程迟音粉丝里初高中生占比不少,像《青年文摘》这种杂志,有设置读书角的班级大多会订阅,最先也是高中生粉丝在杂志上看到的,如获至宝拍照发到超话里。

看到目录上人物专访——程迟音时,不少粉丝都怀疑是不是重名,翻开一看,名字后缀是CMO、CPhO双料冠军,行,不是重名。还愣着干什么,买起来呀!

程迟音出道到现在物料少得可怜,代言广告就一个《仙语》,综艺和剧寥寥可数,不少物料还是粉丝为爱发电自己剪的视频。看到新出炉的杂志,不收集那还叫粉丝吗!

虽然这个杂志跟娱乐圈完全没什么关系就是了。

超话里一时间被《青年文摘》四个字刷屏。

[救命姐妹们,这个杂志只能按年订阅吗?]

[搜了下某宝好像没有单期,都是合集打包的]

[我在报刊亭买到了!可以去报刊亭看一下]

[终于可以给我崽花钱了]

然后看看价格,五块钱。

钱花不出去的感觉真难受。

[5块钱一本,追音音着实是很省钱了,来来搞个抽奖,啾五十个音符包邮送青年文摘]

[买一本co□□o可以买六本青年文摘,行,这就搬一箱回来送亲戚家小孩]

[鹅鹅鹅姐妹们清醒一点,只是个专栏采访,照片都没有啊!]

[但是音音讲得好好55555十进制这个说法甚至可以用进作文素材]

[希望音音早日喜提五大刊封面,一定多买几本回来收藏]

程迟音待在剧组,等戏的时候收到纪澄消息。

纪澄拍张青年文摘的内页过来:“同桌,你上杂志了!”

背景是他书本堆成小山的课桌。

程迟音叹气:“你变了橙子同学,你以前都喊我师尊的。”

纪澄笑嘻嘻发条语音:“师尊,什么时候回学校,你不在我天天跑办公室问问题,杜老师现在看到我就一脸生无可恋。”

程迟音:“杀青就回去,快了。姜一然不是也在班上吗,你不会的也可以问他啊。”

纪澄十分哀怨:“他最近不来‘旁听’了。”

程迟音笑:“行行行,没多久就杀青了,等着。”

不知不觉在剧组待了两个多月,原定的拍摄计划是三个月,这会儿拍摄进入尾声,基本等拍完一场大**就剩下些收尾工作。

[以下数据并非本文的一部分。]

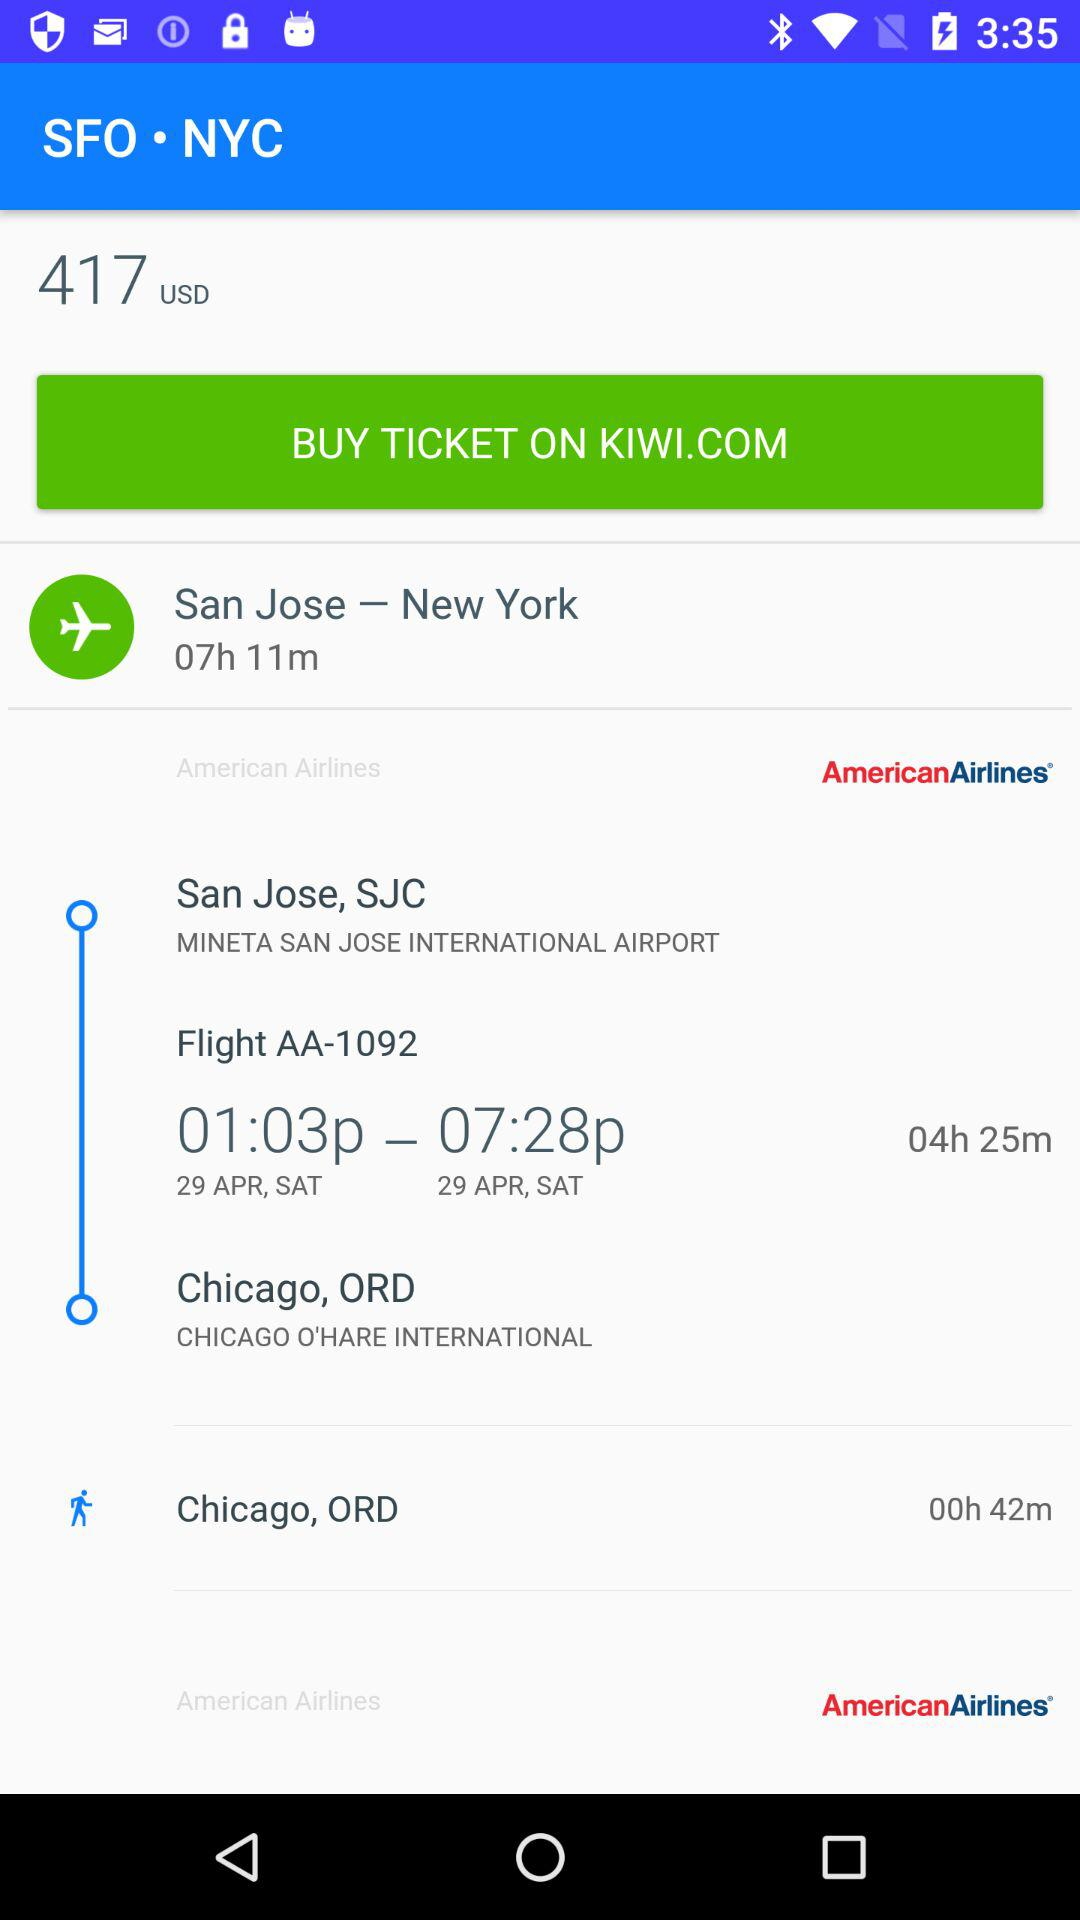What is the destination city name? The destination cities are New York and Chicago.

这场戏,程迟音饰演的谢南音穿着中衣一个人坐在殿中,静默片刻后起身。

她染上鲜红蔻丹的指甲拂过公主朝冠和朝服。朝冠上用金丝线穿缀上百颗珍珠和宝石,朝服以红缎裁剪,金丝织出团花,配以云肩挂玉带。

谢南音套上朝服,宽大的裙幅在身后逶迤,她端着朝冠走到铜镜前,审视一下自己,而后将朝冠戴上。

铜镜里的公主华贵逼人,光彩夺目,和她出嫁前那个十四岁一身素净的不受宠公主,完全两个样子。

这一场从他们尚未出生时就已经开始进行着的皇位争夺,终于要分出一个胜负。但必须还要做完一件事,皇兄才可以毫无顾忌、名正言顺地登上皇位。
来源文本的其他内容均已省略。